» **Exercise details**
Two lines mark the range in the entries below: the one holding "Please fit an" and the one holding "Output: a one-line". Set down those two and all lines between them, exactly.
*** Records supplied ***
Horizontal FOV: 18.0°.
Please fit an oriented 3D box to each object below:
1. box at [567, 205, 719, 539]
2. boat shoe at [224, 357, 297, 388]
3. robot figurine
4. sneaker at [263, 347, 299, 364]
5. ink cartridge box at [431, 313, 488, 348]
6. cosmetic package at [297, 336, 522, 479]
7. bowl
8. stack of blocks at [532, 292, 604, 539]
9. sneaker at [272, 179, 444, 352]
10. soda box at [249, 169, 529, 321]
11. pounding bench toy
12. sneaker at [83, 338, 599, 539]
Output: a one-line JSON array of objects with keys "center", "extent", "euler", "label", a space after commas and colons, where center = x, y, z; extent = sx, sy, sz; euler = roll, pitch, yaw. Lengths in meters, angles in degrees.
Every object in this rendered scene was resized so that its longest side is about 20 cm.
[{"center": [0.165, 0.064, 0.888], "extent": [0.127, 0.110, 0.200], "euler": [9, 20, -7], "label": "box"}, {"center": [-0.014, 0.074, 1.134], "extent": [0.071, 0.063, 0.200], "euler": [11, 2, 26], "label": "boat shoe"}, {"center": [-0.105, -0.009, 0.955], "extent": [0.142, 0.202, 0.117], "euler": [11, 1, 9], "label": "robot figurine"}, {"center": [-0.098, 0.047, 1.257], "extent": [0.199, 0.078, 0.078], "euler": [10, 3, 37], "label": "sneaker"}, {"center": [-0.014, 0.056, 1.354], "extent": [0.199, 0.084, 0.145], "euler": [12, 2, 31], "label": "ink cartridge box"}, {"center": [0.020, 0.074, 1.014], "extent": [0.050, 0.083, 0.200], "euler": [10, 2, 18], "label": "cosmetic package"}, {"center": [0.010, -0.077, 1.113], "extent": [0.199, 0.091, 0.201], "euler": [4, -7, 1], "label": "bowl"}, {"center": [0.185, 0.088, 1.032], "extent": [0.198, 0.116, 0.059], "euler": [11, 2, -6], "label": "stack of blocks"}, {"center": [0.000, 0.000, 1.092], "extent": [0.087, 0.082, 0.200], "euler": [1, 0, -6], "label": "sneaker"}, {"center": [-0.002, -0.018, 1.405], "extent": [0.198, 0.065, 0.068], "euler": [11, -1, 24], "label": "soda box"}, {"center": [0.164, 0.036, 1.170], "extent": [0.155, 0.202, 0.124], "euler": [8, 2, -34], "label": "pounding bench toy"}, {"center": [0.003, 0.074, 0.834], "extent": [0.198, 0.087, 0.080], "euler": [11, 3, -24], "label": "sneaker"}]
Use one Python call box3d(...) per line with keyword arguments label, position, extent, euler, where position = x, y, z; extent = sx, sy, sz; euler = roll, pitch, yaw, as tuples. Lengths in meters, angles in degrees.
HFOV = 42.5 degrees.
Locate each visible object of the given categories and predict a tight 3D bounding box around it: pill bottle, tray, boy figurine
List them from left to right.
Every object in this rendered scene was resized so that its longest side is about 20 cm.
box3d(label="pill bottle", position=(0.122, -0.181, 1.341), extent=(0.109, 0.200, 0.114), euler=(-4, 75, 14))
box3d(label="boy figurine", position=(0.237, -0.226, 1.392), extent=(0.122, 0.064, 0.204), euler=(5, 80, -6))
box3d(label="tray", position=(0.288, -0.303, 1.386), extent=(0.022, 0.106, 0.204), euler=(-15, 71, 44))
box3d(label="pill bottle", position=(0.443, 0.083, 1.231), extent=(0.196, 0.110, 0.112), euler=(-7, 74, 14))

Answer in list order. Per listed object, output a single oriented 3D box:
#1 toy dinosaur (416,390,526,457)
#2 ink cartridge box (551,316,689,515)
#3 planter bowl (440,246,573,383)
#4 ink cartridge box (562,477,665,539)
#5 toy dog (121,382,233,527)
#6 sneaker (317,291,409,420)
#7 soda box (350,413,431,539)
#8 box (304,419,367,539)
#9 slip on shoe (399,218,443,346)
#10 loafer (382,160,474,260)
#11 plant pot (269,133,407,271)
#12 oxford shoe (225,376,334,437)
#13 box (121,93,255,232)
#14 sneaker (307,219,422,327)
*** End of Records supplied ***
*** Records supplied ***
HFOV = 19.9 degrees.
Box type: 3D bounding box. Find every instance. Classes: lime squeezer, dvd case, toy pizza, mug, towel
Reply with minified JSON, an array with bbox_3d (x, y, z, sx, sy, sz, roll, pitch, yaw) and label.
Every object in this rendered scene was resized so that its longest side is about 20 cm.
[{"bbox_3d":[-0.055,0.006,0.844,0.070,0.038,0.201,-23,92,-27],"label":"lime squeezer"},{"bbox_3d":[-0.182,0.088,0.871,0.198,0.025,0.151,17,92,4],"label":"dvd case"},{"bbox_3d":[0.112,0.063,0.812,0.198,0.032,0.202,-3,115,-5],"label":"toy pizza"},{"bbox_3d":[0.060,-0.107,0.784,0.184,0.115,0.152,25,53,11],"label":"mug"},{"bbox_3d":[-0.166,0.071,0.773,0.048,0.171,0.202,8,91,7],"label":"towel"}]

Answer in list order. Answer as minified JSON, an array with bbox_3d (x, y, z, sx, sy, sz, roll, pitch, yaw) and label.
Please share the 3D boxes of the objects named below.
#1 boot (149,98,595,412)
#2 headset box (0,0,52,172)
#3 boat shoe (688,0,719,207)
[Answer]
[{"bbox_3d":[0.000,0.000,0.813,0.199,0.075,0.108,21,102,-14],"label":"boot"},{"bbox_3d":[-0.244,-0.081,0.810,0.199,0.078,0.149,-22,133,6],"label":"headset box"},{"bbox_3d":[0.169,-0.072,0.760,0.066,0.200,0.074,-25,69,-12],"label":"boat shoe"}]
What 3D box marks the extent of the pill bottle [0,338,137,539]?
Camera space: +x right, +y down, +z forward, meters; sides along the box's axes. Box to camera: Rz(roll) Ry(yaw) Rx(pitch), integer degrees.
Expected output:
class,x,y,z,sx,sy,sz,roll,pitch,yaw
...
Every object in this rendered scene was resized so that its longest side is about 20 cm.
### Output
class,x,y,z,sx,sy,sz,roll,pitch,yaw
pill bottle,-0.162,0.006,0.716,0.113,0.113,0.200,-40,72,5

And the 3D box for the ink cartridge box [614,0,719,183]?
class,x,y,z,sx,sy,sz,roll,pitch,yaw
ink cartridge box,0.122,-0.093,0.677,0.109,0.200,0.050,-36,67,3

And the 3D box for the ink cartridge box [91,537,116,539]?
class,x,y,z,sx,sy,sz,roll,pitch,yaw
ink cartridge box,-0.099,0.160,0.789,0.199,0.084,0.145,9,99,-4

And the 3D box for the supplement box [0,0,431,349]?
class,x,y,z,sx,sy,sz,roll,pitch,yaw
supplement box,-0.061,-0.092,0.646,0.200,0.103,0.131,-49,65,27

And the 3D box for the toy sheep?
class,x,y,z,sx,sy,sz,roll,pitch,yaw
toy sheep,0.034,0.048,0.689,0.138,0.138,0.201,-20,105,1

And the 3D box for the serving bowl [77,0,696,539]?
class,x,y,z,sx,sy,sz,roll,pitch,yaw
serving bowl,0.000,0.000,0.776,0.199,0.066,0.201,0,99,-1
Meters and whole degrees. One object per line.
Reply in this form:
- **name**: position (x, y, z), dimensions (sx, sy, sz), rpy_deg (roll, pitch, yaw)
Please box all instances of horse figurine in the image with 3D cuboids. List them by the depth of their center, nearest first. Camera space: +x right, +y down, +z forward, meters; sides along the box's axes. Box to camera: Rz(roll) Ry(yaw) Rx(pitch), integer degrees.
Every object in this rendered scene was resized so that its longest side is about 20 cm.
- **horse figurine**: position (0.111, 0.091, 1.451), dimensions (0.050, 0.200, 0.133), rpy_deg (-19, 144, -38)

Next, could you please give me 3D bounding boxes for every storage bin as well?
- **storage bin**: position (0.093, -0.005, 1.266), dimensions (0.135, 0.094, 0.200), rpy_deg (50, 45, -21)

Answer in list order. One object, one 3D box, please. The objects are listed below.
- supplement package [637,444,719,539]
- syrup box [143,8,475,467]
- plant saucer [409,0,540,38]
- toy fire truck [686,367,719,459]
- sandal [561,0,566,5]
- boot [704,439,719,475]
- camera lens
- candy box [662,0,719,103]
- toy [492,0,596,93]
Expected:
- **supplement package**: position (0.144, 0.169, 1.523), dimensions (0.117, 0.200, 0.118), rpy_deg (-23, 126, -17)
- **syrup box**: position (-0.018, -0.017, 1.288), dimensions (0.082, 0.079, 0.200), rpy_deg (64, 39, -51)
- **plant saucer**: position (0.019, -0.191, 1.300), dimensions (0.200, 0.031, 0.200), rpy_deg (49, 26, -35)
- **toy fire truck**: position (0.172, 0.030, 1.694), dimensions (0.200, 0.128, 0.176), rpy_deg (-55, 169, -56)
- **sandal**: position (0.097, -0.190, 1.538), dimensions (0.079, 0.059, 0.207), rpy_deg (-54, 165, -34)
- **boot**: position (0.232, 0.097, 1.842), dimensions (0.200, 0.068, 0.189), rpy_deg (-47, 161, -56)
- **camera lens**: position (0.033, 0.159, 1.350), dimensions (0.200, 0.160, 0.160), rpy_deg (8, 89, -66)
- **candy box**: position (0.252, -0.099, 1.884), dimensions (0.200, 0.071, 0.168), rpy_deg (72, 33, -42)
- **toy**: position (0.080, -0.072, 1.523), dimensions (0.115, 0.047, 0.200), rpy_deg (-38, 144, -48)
*** End of Records supplied ***
*** Records supplied ***
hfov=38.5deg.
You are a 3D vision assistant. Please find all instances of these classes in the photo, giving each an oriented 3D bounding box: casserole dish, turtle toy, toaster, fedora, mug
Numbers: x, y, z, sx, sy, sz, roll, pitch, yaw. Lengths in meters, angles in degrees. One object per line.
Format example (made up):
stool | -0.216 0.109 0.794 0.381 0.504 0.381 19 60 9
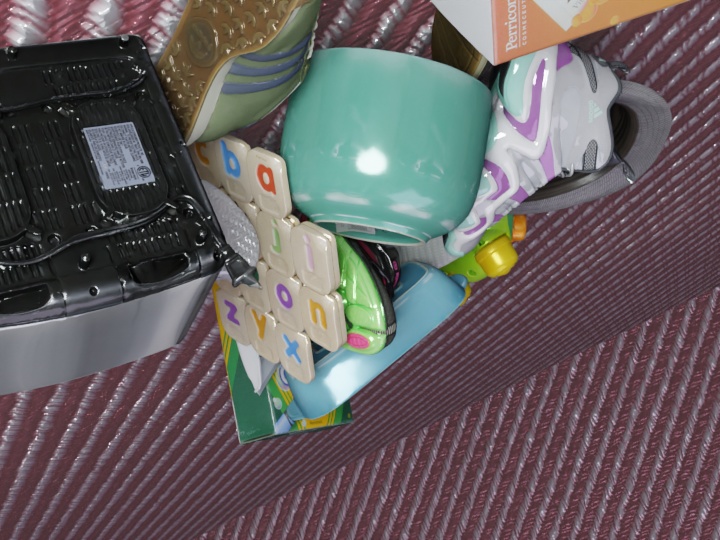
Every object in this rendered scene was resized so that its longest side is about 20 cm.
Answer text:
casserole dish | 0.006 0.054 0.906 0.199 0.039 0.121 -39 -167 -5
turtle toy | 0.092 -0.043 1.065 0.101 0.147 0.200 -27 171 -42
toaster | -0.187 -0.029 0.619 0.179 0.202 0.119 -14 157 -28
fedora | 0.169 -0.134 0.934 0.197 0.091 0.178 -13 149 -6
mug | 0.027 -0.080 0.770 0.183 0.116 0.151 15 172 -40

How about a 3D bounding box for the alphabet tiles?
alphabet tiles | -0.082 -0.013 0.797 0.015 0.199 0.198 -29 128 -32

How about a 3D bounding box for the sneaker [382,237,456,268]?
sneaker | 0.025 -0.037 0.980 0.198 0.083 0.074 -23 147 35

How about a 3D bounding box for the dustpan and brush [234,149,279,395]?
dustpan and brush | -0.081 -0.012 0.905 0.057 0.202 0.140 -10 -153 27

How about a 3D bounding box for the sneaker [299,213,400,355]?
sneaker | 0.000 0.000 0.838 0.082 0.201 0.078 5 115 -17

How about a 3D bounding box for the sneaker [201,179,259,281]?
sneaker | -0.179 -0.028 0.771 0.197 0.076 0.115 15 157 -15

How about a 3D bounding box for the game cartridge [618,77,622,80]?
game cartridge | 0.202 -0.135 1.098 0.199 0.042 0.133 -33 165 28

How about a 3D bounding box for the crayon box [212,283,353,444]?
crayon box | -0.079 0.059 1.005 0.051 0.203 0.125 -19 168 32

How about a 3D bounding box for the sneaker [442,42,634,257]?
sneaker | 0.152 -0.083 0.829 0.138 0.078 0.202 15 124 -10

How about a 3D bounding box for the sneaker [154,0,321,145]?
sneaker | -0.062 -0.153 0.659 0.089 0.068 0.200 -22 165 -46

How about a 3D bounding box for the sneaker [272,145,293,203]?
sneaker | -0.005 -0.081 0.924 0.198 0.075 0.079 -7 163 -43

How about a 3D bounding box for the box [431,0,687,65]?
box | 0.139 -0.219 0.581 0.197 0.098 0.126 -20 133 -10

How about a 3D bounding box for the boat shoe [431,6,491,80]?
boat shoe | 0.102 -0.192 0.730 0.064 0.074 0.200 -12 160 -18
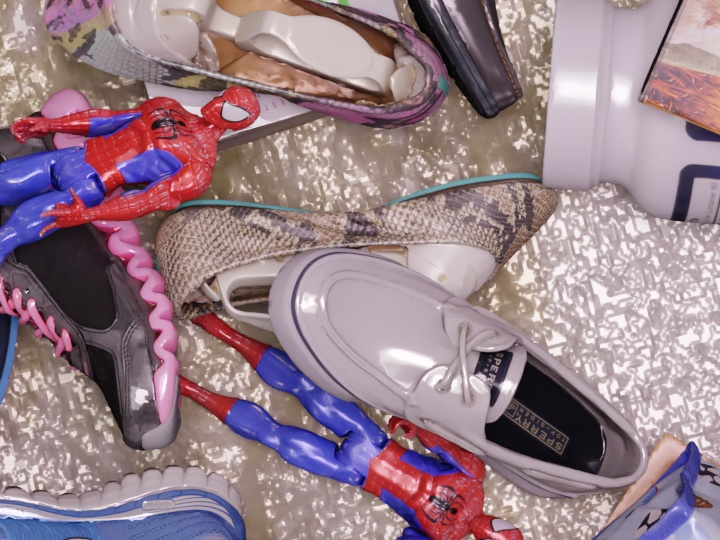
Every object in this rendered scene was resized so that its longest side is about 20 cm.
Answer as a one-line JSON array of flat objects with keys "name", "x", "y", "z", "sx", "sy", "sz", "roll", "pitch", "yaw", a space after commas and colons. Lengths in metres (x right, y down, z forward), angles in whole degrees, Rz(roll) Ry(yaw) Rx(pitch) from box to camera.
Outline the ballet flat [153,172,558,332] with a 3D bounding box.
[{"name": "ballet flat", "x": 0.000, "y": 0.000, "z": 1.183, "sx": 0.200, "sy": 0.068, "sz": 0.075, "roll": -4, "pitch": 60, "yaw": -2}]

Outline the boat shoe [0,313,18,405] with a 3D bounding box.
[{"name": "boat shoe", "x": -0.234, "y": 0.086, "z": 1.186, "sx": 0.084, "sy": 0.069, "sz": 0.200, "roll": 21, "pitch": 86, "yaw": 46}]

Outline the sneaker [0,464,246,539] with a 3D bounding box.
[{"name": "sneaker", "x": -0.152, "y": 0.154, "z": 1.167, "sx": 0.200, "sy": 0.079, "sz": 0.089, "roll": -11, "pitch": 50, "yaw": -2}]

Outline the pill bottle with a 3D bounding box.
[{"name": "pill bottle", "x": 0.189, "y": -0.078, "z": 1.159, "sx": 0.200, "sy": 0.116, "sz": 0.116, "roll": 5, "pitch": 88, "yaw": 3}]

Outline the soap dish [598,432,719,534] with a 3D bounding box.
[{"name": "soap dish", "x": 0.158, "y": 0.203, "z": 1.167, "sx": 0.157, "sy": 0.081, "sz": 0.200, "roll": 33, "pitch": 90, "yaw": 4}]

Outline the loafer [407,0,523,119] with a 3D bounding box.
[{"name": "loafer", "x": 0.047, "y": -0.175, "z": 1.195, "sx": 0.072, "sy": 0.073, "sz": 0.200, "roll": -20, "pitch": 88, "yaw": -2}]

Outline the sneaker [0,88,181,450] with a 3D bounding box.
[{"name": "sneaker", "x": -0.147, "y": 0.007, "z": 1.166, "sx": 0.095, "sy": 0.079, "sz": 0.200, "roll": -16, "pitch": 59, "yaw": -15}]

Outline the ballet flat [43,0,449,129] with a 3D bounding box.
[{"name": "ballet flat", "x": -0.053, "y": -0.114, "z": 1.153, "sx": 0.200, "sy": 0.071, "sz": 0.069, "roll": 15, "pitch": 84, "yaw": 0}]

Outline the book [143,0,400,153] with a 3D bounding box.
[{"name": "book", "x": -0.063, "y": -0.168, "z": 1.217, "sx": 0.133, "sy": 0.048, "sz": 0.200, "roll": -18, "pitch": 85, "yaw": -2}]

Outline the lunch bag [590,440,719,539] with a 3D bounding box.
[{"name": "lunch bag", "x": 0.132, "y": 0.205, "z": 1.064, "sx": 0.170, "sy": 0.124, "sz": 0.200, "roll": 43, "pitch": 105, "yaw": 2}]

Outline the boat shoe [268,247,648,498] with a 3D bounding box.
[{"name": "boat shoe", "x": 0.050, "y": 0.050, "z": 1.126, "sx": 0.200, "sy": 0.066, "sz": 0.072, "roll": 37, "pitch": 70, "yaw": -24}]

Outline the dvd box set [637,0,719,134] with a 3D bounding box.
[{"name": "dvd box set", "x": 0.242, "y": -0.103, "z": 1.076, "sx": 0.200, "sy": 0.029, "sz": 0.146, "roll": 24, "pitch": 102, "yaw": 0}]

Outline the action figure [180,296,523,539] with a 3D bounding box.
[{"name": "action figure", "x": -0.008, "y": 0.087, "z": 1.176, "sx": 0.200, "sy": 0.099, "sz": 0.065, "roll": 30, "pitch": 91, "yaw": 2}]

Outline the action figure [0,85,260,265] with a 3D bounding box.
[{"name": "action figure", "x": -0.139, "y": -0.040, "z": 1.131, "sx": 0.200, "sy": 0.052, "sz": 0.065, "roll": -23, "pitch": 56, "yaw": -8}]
*** End of Records supplied ***
» **Result below**
Please fit an oriented 3D box to each object below:
1. box at [567, 205, 719, 539]
2. boat shoe at [224, 357, 297, 388]
3. robot figurine
4. sneaker at [263, 347, 299, 364]
5. ink cartridge box at [431, 313, 488, 348]
6. cosmetic package at [297, 336, 522, 479]
7. bowl
8. stack of blocks at [532, 292, 604, 539]
9. sneaker at [272, 179, 444, 352]
10. soda box at [249, 169, 529, 321]
11. pounding bench toy
12. sneaker at [83, 338, 599, 539]
Output: a one-line JSON array of objects with keys "center", "extent", "euler", "label", a space after commas and colons, where center = x, y, z; extent = sx, sy, sz; euler = roll, pitch, yaw. Lengths in meters, angles in degrees.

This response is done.